The goal of the Comprehensive and Automated Software Inventory Creation System (CASICS) project is to develop machine learning techniques to analyze source code in software repositories. The basic approach is this:

  • Collect software source code from open-source repositories
  • Extract features from source code files to obtain identifiers, documentation strings, comments, and other text, and use identifier expansion methods convert short identifiers to more meaningful strings
  • Use the features as input into supervised, hierarchical multi-label classifiers to label software with respect to predefined ontologies
  • Use the ontologies to (1) present the classified results in an organized, hierarchical browser view and (2) support more intelligent software search

The following diagram illustrates the main software components in the overall CASICS scheme.

The modular components can run on separate computers and communicate over TCP/IP network connections using either the MondoDB API, the Python Pyro4 API, direct file system access, or a REST API (notably, GitHub's REST API).

  • Collector: a package to interact with a repository hosting service such as GitHub and collect information about software projects. It extracts such things as name, owner, description, "readme" file (if any), list of files at the top level, and other metadata, and stores it all in the CASICS Database.
  • Downloader: a package that takes a list of GitHub repositories and downloads the files to a local filesystem. This permits analysis tools to work on local copies of the source files.
  • Extractor: a package that extracts identifiers, text and other features from source code files. It uses language-aware parsers to extract elements intelligently. For example, it extracts Python imports, class names, function names, variable names, comments, and other elements as separate lists of each kind, so that machine learning methods can treat them differently.
  • CASICS Database: a MongoDB-based database that stores the metadata extracted from the code repositories. The other modules in CASICS communicate with the database for their various needs.
  • Annotator: a browser-based annotation interface used by CASICS annotators to add ontology terms to repository entries in the database. The CASICS Annotator is written in a combination of Python and JavaScript.
  • Analyzers: multiple packages that each perform some kind of inference using source code files and repository metadata.

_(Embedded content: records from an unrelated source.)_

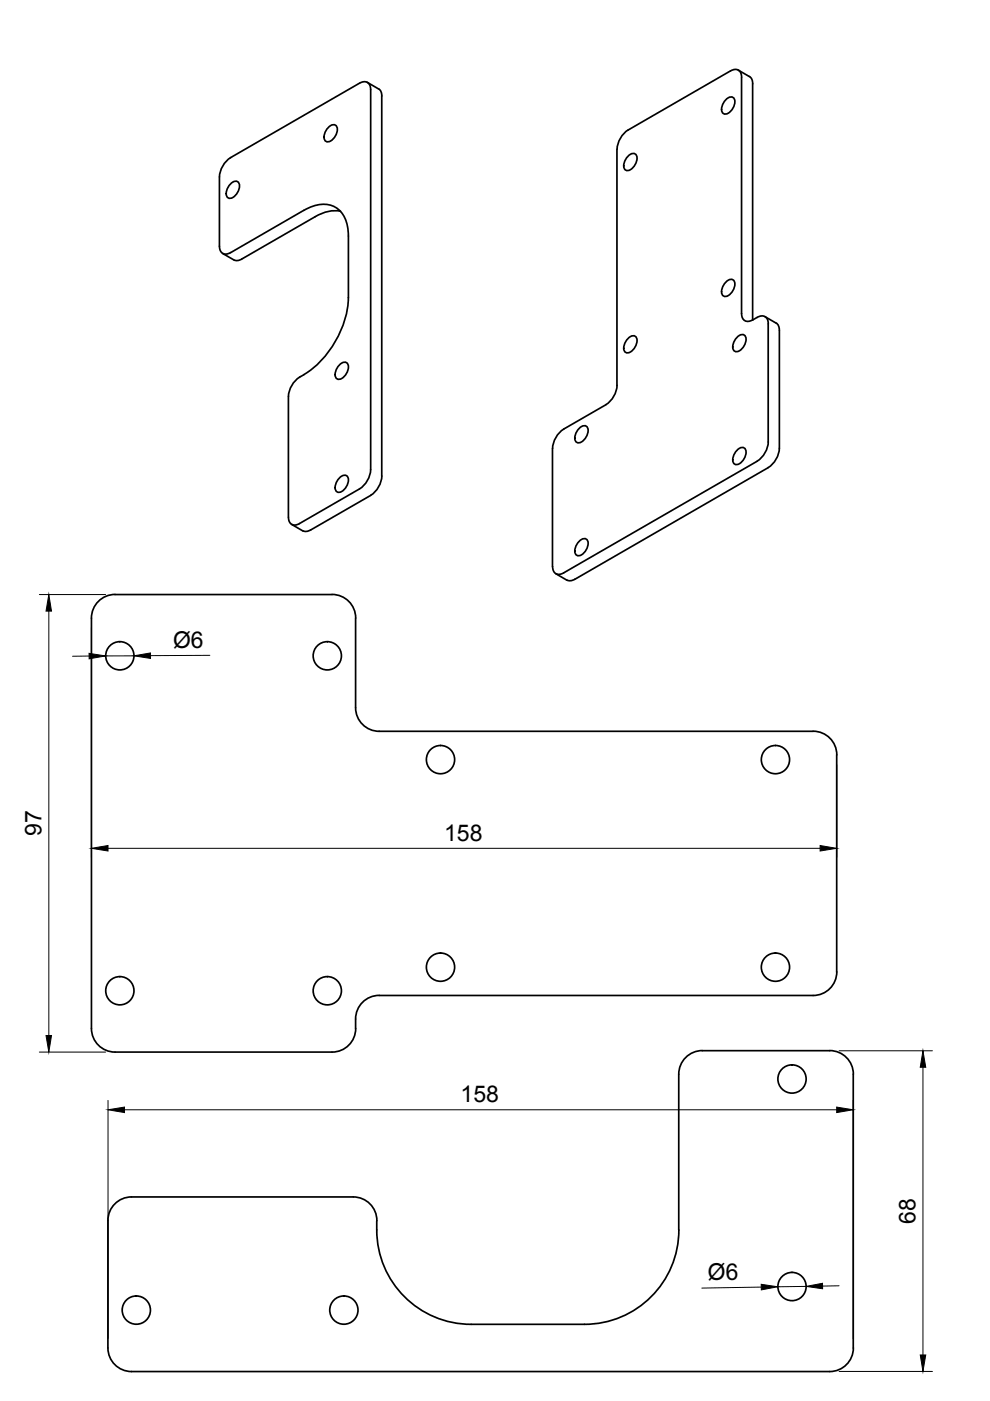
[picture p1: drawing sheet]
<svg xmlns="http://www.w3.org/2000/svg" width="210mm" height="297mm" viewBox="0 0 210 297" stroke-linecap="round" stroke-linejoin="round" font-family="sans-serif">
<defs><g id="words">
<g font-size="4.9">
<text x="36.7" y="137.3">Ø6</text>
<text x="8.8" y="177.3" transform="rotate(-90 8.8 177.3)">97</text>
<text x="94.1" y="178.3">158</text>
<text x="97.7" y="233.8">158</text>
<text x="194.1" y="259.5" transform="rotate(-90 194.1 259.5)">68</text>
<text x="150.1" y="271.4" transform="rotate(-1 150.1 271.4)">Ø6</text>
</g>
</g></defs>
<!-- layer: Visible -->
<g fill="none" stroke="#000" stroke-width=".36">
<path d="M77.9 17.5l2.3 1.3M78.6 19a1.43 1.43 0 0 0-.7-1.5 1.43 1.43 0 0 0-1.7 .1l-27.3 15.8a5.3 5.3 0 0 0-2.4 4.1v14.7a1.43 1.43 0 0 0 .7 1.5 1.43 1.43 0 0 0 1.7-.1M78.6 19v80.6a5.2 5.2 0 0 1-2.4 4.1l-12.7 7.3a1.44 1.44 0 0 1-1.7 .2 1.44 1.44 0 0 1-.6-1.5v-25.6a5.4 5.4 0 0 1 3.2-4.7M80.3 18.8l.4 .5 .3 1-.1 80.7M156.5 14.9l2.6 1.5 .4 .6 .1 .7v50.1M157.2 16.4v50.1a1.43 1.43 0 0 0 .7 1.5 1.43 1.43 0 0 0 1.7-.2M157.2 16.4a1.43 1.43 0 0 0-.6-1.5 1.43 1.43 0 0 0-1.7 .1l-21.7 12.6a5.2 5.2 0 0 0-2.4 4v50.1a5.2 5.2 0 0 1-2.3 4.1l-9 5.2a5.3 5.3 0 0 0-2.3 4.1M49 38.9a1 1 0 0 1 1.4-.4 1 1 0 0 1 .3 1.4l-.3 .9a1.63 1.63 0 0 1-2.2 1.1 2.4 2.4 0 0 1 .8-3zM69.7 26.9a1 1 0 0 1 1.4-.4 1 1 0 0 1 .4 1.4l-.4 .9a1.63 1.63 0 0 1-2.1 1.1 2.4 2.4 0 0 1 .7-3zM133.3 33a1 1 0 0 1 1.4-.4 1 1 0 0 1 .3 1.4l-.3 .9a1.63 1.63 0 0 1-2.2 1.1 2.4 2.4 0 0 1 .8-3zM154 21a1 1 0 0 1 1.4-.4 1 1 0 0 1 .4 1.4l-.4 .9a1.63 1.63 0 0 1-2.1 1.1 2.4 2.4 0 0 1 .7-3zM47.2 53.7l2.4 1.4"/>
<path d="M48.9 53.6l15.5-9a6.5 6.5 0 0 1 7.1-.4 6.9 6.9 0 0 1 2.4 5.8v13.1M72.2 44.8a7.6 7.6 0 0 0-5.4 1.1l-15.6 9-1 .4-.6-.2M154 59.7a1 1 0 0 1 1.4-.4 1 1 0 0 1 .4 1.4l-.4 .9a1.63 1.63 0 0 1-2.1 1.1 2.4 2.4 0 0 1 .7-3zM72.1 77.3a1 1 0 0 1 1.4-.4 1 1 0 0 1 .3 1.4l-.3 .9a1.63 1.63 0 0 1-2.2 1 2.4 2.4 0 0 1 .8-2.9zM73.9 63.1a20.8 20.8 0 0 1-9.5 16.3M133.3 71.6a1 1 0 0 1 1.4-.3 1 1 0 0 1 .3 1.3l-.3 1a1.63 1.63 0 0 1-2.2 1 2.4 2.4 0 0 1 .8-3zM156.4 71.4a1 1 0 0 1 1.4-.4 1 1 0 0 1 .3 1.4l-.3 .9a1.63 1.63 0 0 1-2.2 1.1 2.4 2.4 0 0 1 .8-3zM159.6 67.8a2.42 2.42 0 0 1 2.8-.5l.4 .8 .1 .6M162.2 67.1l2.6 1.6 .3 .5 .1 .8M162.9 68.7v25a5.3 5.3 0 0 1-2.4 4.1l-41 23.7a1.43 1.43 0 0 1-1.6 .1 1.43 1.43 0 0 1-.7-1.5l-.1-25M165.2 70v25.1M122.9 90.7a1 1 0 0 1 1.4-.4 1 1 0 0 1 .3 1.4l-.3 .9a1.63 1.63 0 0 1-2.2 1.1 2.4 2.4 0 0 1 .8-3z"/>
<path d="M156.4 95.3a1 1 0 0 1 1.4-.3 1 1 0 0 1 .3 1.3l-.3 1a1.63 1.63 0 0 1-2.2 1 2.4 2.4 0 0 1 .8-3zM162.9 99.2l-41 23.6-1.1 .3-.6-.1M165.2 95a5.2 5.2 0 0 1-2.3 4.1M72.1 101.2a1 1 0 0 1 1.4-.4 1 1 0 0 1 .3 1.4l-.3 .9a1.63 1.63 0 0 1-2.2 1.1 2.4 2.4 0 0 1 .8-3zM78.6 105l-13.1 7.5-1 .1-2.7-1.4M81 100.9a5.2 5.2 0 0 1-2.4 4.1M122.9 114.7a1 1 0 0 1 1.4-.4 1 1 0 0 1 .3 1.4l-.3 .9a1.63 1.63 0 0 1-2.2 1 2.4 2.4 0 0 1 .8-2.9zM75.4 131v19a5 5 0 0 0 5 5.1l92-.1a5 5 0 0 1 5 5v46.1M75.4 131a5 5 0 0 0-5-4.9l-46-.1a5 5 0 0 0-5 5v87.1a5 5 0 0 0 5 5h46a5 5 0 0 0 5-5M117.8 121.6l2.4 1.4M80.4 211a5 5 0 0 0-5 5v2.1M177.4 206.1a5 5 0 0 1-5 5h-92"/>
<path d="M148.9 222.8h27M148.9 222.7a5 5 0 0 0-5 5.1v33a20 20 0 0 1-20 20h-24M175.9 222.7a5 5 0 0 1 5 5.1v58a5 5 0 0 1-5 5h-148a5 5 0 0 1-5-5v-27a5 5 0 0 1 5-5h47a5 5 0 0 1 5 5 20.2 20.2 0 0 0 20 22"/>
<circle cx="25.4" cy="139" r="3"/>
<circle cx="69.4" cy="139" r="3"/>
<circle cx="93.4" cy="161.1" r="3"/>
<circle cx="164.4" cy="161.1" r="3"/>
<circle cx="25.4" cy="210.1" r="3"/>
<circle cx="69.4" cy="210.1" r="3"/>
<circle cx="93.4" cy="205.1" r="3"/>
<circle cx="164.4" cy="205.1" r="3"/>
<circle cx="167.9" cy="228.8" r="3"/>
<circle cx="28.9" cy="277.8" r="3"/>
<circle cx="72.9" cy="277.8" r="3"/>
<circle cx="167.9" cy="272.8" r="3"/>
</g>
<!-- layer: Dimensions -->
<g fill="none" stroke="#000" stroke-width=".21">
<path d="M8.3 126.1h14.1M10.4 129.6v89.9M18.9 139.1h-3.5M19.4 133.1v48.7M28.4 139.1h-6M44.5 138.9l-12.6 .1M22.9 179.9h151M177.4 162.1v19.7M8.3 223.1h14.1M22.9 233.3v50.5M26.4 235.3h151M177.9 222.8h19.8"/>
<path d="M180.9 233.3v50.5M195.7 226.3v61M161.4 272.9l-12.6 .2M170.9 272.7l-6 .1M177.9 272.6l-3.5 .1M177.9 290.8h19.8"/>
</g>
<path d="M10.4 126.1l.5 3.5h-1.1zM18.9 138.5l3.5 .6-3.5 .6zM28.4 139.1l3.5-.7v1.2zM19.4 179.9l3.5-.6v1.1zM173.9 179.3l3.5 .6-3.5 .5zM9.8 219.5h1.1l-.5 3.6zM22.9 235.3l3.5-.6v1.2zM177.4 234.7l3.5 .6-3.5 .6zM195.7 222.8l.6 3.5h-1.2zM161.4 272.3l3.5 .5-3.5 .7zM170.9 272.7l3.5-.6v1.1zM195.1 287.3h1.2l-.6 3.5z" fill="#000" stroke="#000" stroke-width=".21"/>
<use href="#words"/>
</svg>

As part of developing CASICS, we also developed some independent software libraries that can be used for other purposes and projects:

  • Dassie (Library of Congress Terms): a database of terms from the Library of Congress Subject Headings (LCSH) controlled vocabulary. We converted a copy of the LCSH terms into a MongoDB database that makes explicit the "is-a" relationships between LCSH terms. Dassie is a system that allows other programs to use normal MongoDB network API calls to search for LCSH terms and their relationships.
  • Nostril (Nonsense String Evaluator): a Python module that infers whether a given medium-length string of characters is likely to be random gibberish or something meaningful. Its main use is to decide whether short strings returned by source code mining methods are likely to be (e.g.) program identifiers, or random characters or other non-identifier strings.
  • Spiral (SPlitters for IdentifieRs: A Library): a Python library of functions for splitting identifiers found in source code files.

We have also been developing new ontologies for areas where we could not find existing ontologies with suitable terms or sufficient breadth:

  • Sofiont (Software Interface Ontology). This ontology provides terms for both human interface types and programmatic (API) interface types.